Compiled and written by Jonathan Rudd
Lying lost and forgotten, these places were once part of our great county’s history, but when their use finally came to an end were left abandoned and derelict.
1. St Mary’s In The Wood Church in Morley
Look upwards in Morley and two towers dominate the skyline of this West Yorkshire town. One is its elaborate town hall, while the other is the spire of St Mary’s in The Wood church. On closer inspection the church tells a very different story, as all that remains is the empty shell of what would have been a fine religious building.
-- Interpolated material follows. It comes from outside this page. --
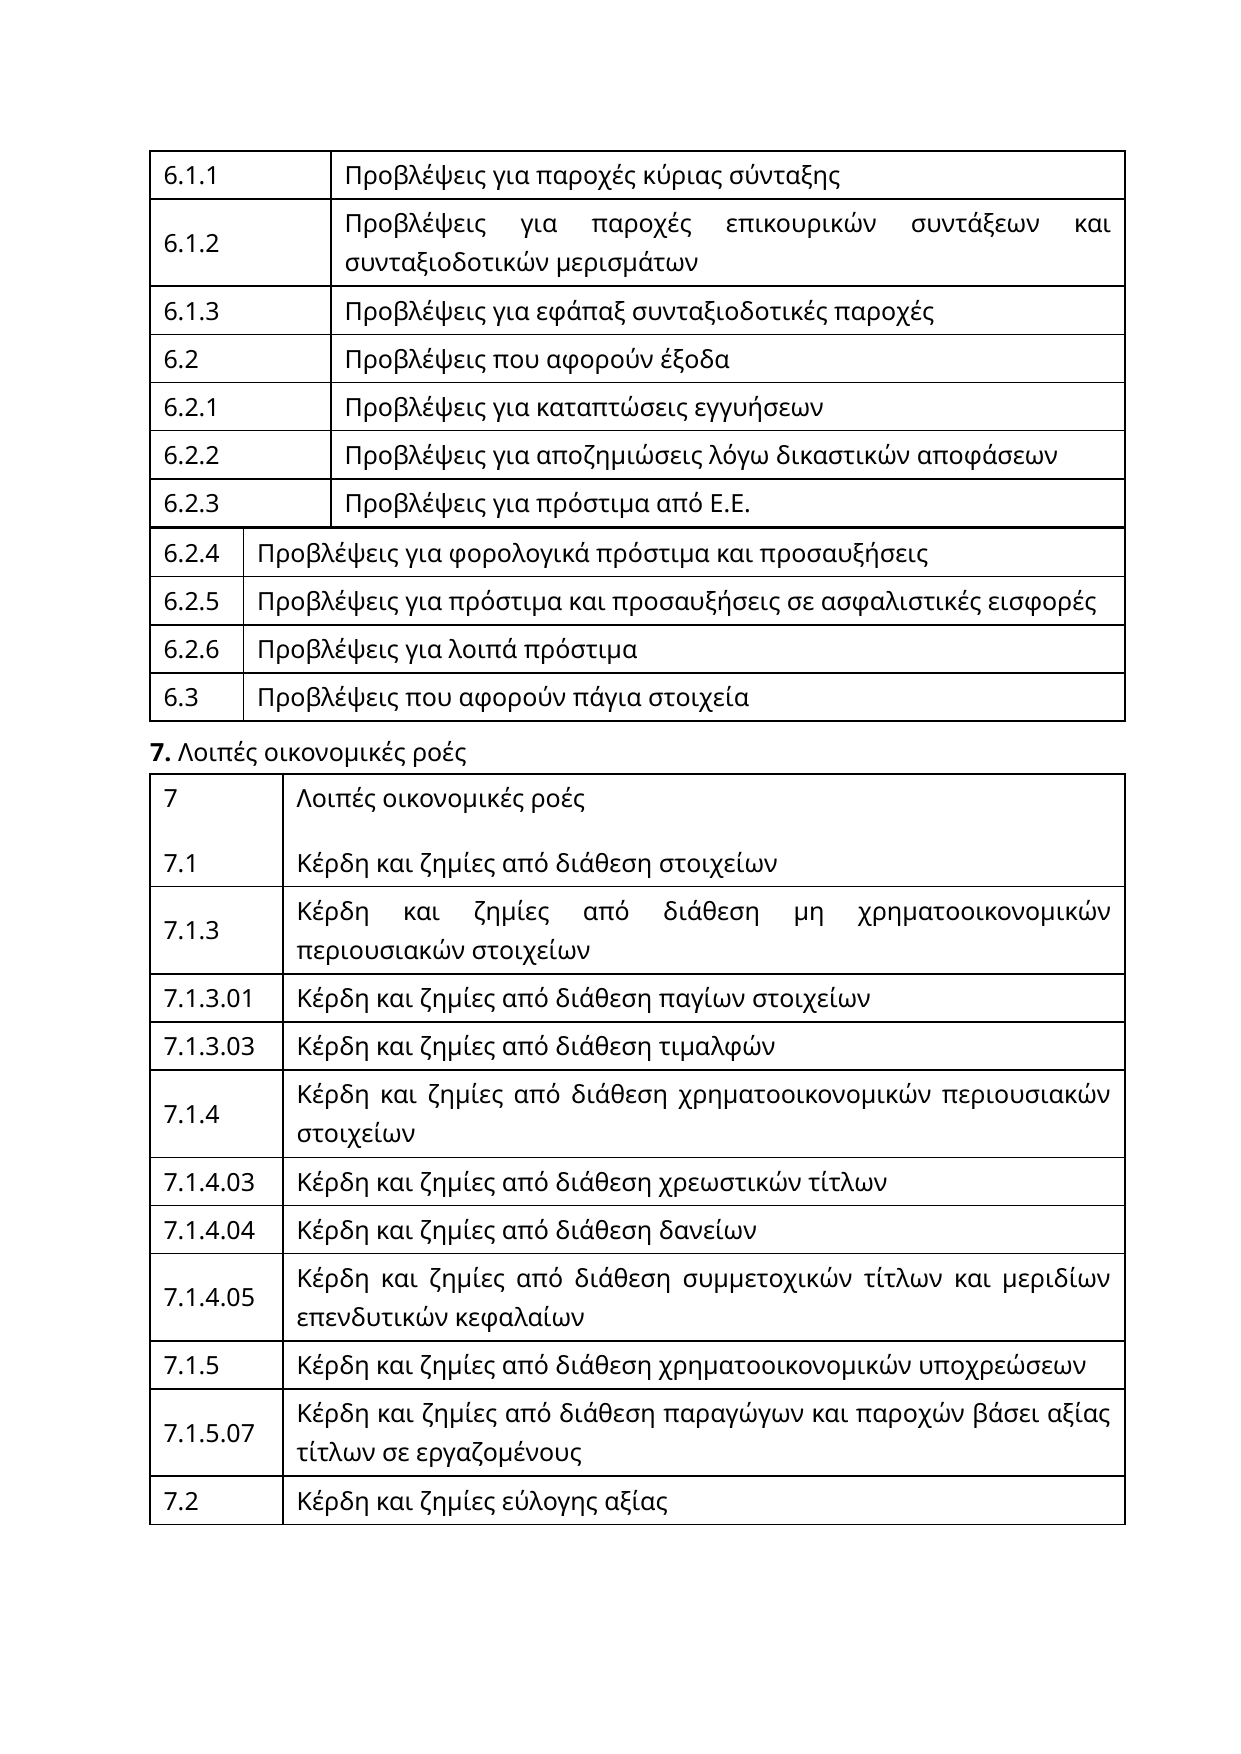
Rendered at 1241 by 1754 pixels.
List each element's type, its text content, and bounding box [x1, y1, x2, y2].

In 1878 St Mary’s in the Wood church was built at a cost of £7000. It hosted two interesting historical features, including The Pancake Bell in the tower, which originated at Kirkstall Abbey and became part of an annual Shrove Tuesday tradition. The bell was taken from the tower and hand rung on the steps of the church for one hour between 11am-12. Hot pancakes were then served inside.
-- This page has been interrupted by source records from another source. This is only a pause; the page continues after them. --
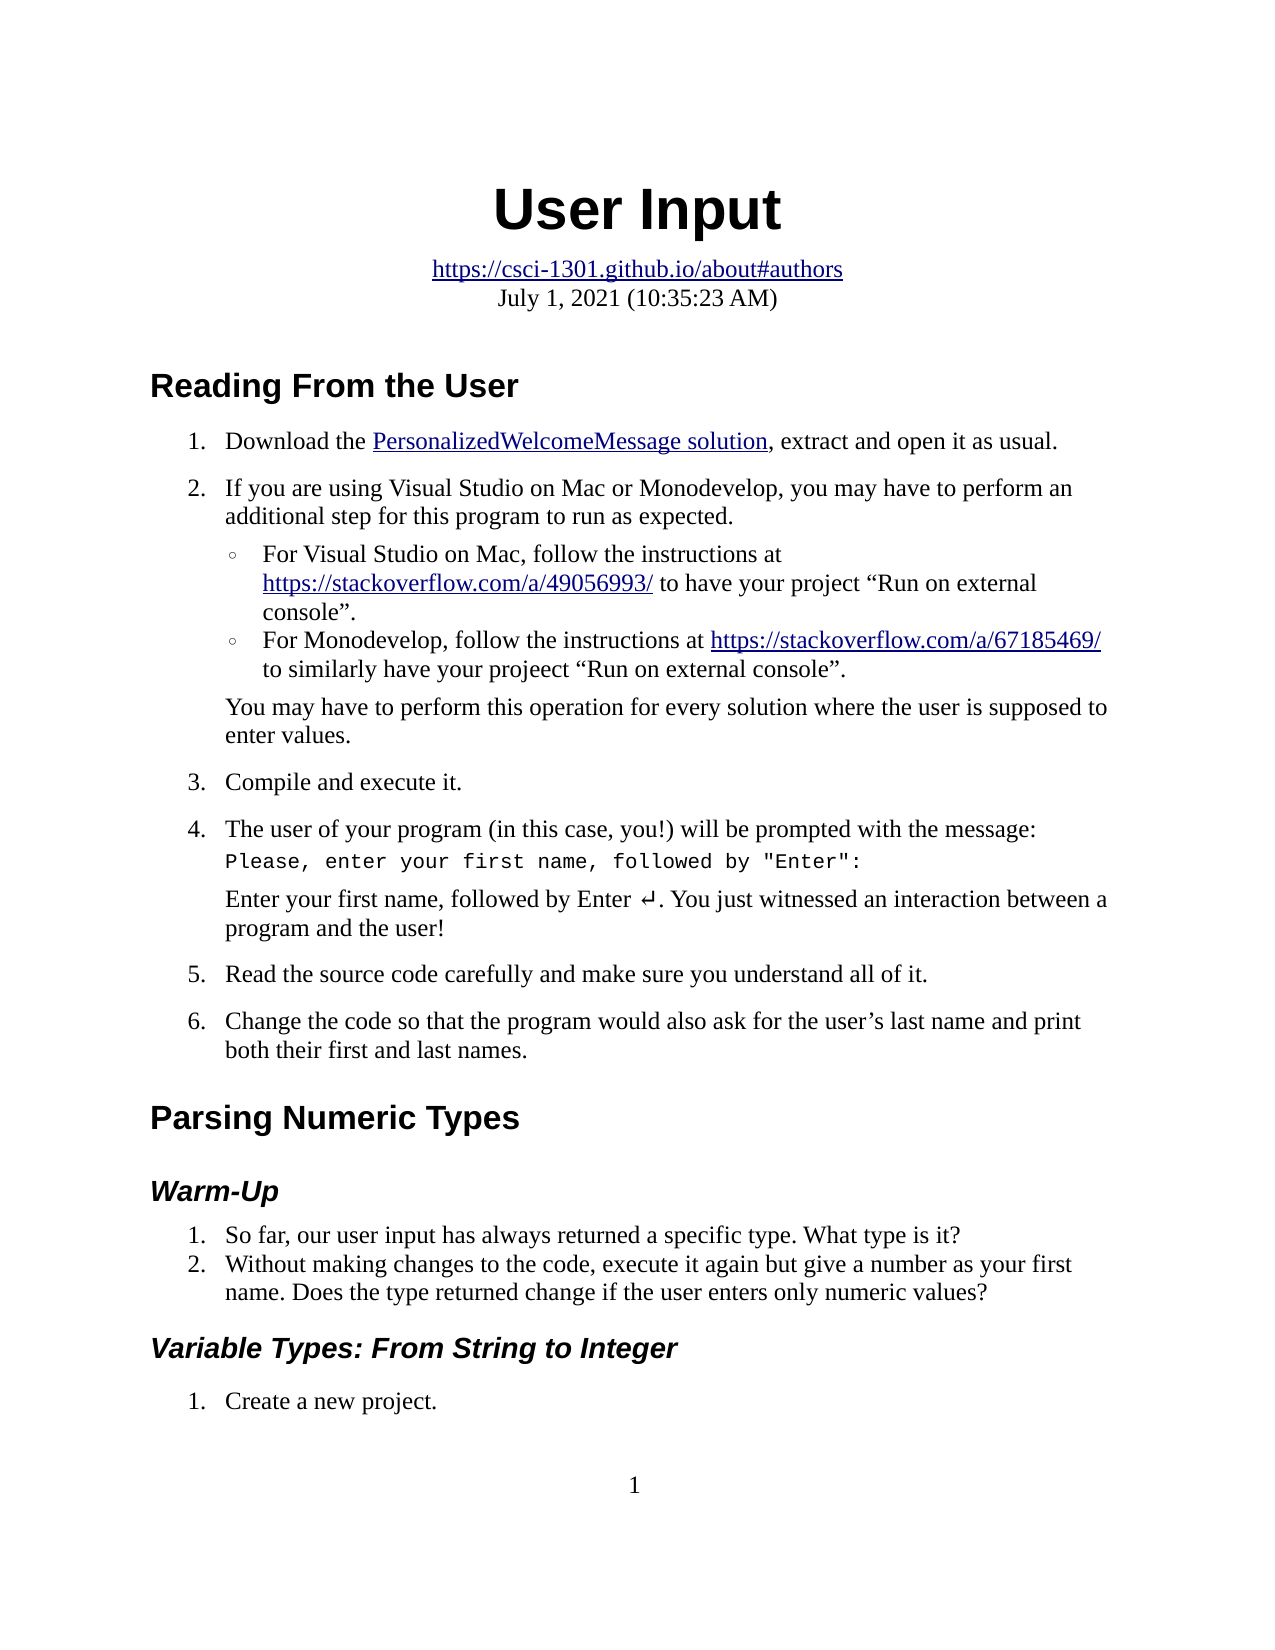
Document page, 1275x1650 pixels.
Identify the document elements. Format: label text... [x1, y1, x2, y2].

list The user of your program (in this case, you!) will be prompted with the message: [187, 814, 1125, 843]
list So far, our user input has always returned a specific type. What type is it? [187, 1220, 1125, 1249]
list For Visual Studio on Mac, follow the instructions at https://stackoverflow.com/a/49056993/ to have your project “Run on external console”. [225, 539, 1125, 625]
list Compile and execute it. [187, 767, 1125, 796]
list Create a new project. [187, 1386, 1125, 1415]
subtitle Parsing Numeric Types [150, 1098, 1125, 1136]
list Enter your first name, followed by Enter ↵. You just witnessed an interaction between a program and the user! [187, 884, 1125, 942]
subtitle Variable Types: From String to Integer [150, 1331, 1125, 1365]
title User Input [150, 175, 1125, 242]
list Read the source code carefully and make sure you understand all of it. [187, 959, 1125, 988]
subtitle Warm-Up [150, 1174, 1125, 1207]
list Please, enter your first name, followed by "Enter": [187, 852, 1125, 875]
text https://csci-1301.github.io/about#authors [150, 254, 1125, 283]
list You may have to perform this operation for every solution where the user is supposed to enter values. [187, 692, 1125, 749]
list Without making changes to the code, execute it again but give a number as your first name. Does the type returned change if the user enters only numeric values? [187, 1249, 1125, 1306]
list Download the PersonalizedWelcomeMessage solution, extract and open it as usual. [187, 426, 1125, 455]
text July 1, 2021 (10:35:23 AM) [150, 283, 1125, 312]
list Change the code so that the program would also ask for the user’s last name and print both their first and last names. [187, 1006, 1125, 1064]
subtitle Reading From the User [150, 366, 1125, 404]
list For Monodevelop, follow the instructions at https://stackoverflow.com/a/67185469/ to similarly have your projeect “Run on external console”. [225, 625, 1125, 683]
list If you are using Visual Studio on Mac or Monodevelop, you may have to perform an additional step for this program to run as expected. [187, 473, 1125, 530]

Unfortunately the tale of St Mary’s in the Wood does not end well. In 2008, the church sang its last hymns and knelt for its final prayers as the upkeep of this spectacular parish church and dwindling congregations led to its permanent closure. Shortly afterwards it was revealed that the site had been bought by an entrepreneur who wanted to turn the site into a hotel complex. However, on June 12th 2010 the old church was set on fire and all that remains are the burnt out shell and tower of this once magnificent church. The St Mary’s in the Wood United Reformed Church group still meet for worship in a nearby building.
2. Lord Line building in Hull
Stood desolate at the side of the Humber Estuary stands a rare piece of Hull’s maritime past, The Lord Line Building. It was built in 1949 as the head offices of the Lord Line trawler company and overlooks St Andrews Dock, which was once home to the world’s largest deep sea fishing fleet. When the dock closed in 1975 there was no need for the offices and so they closed too. A battle has ensued over what to do with the partly listed building the surrounding land, including demolishing them altogether and replacing them with flats and a restaurant. Many locals wish to see the building re-developed into a maritime museum, celebrating and remembering the fishing industry in Hull and the trawlermen who lost their lives at sea. Plans for residencies on the site have been repeatedly turned down since the late 90s, due to its isolated location and so it has remained derelict for over 40 years.
3. RAF Driffield/Alamein Barracks
At the side of the A614 near Driffield in East Yorkshire lies the abandoned Alamein army barracks. The airfield was opened in 1918 and named RAF Eastburn, but this did not last long and closed again in 1920. It was reopened in 1935 and the site was soon in action at the start of World War II when the 102 Squadron of the RAF which were based here dropped leaflets over German territory. The RAF base was a victim of heavy bombing raids by the Luftwaffe on 15th August 1940 and on other occasions too. Later in the war it helped with the liberation of France in 1944 by targeting Nazi railways. During the Cold War the barracks was a site for the US led Thor ballistic missile from 1959 to 1963 as part of ‘Project Emily.’ In 1977 the site was renamed Alamein barracks and was used for army training until 1996 when it closed down, leaving some of the derelict buildings still here today. Some parts of the site have been used by light industry and some buildings are still used as a cadet training centre. In 2020 plans to re-develop the site into a contemporary residential site have been put forward, which is ongoing at the time of writing.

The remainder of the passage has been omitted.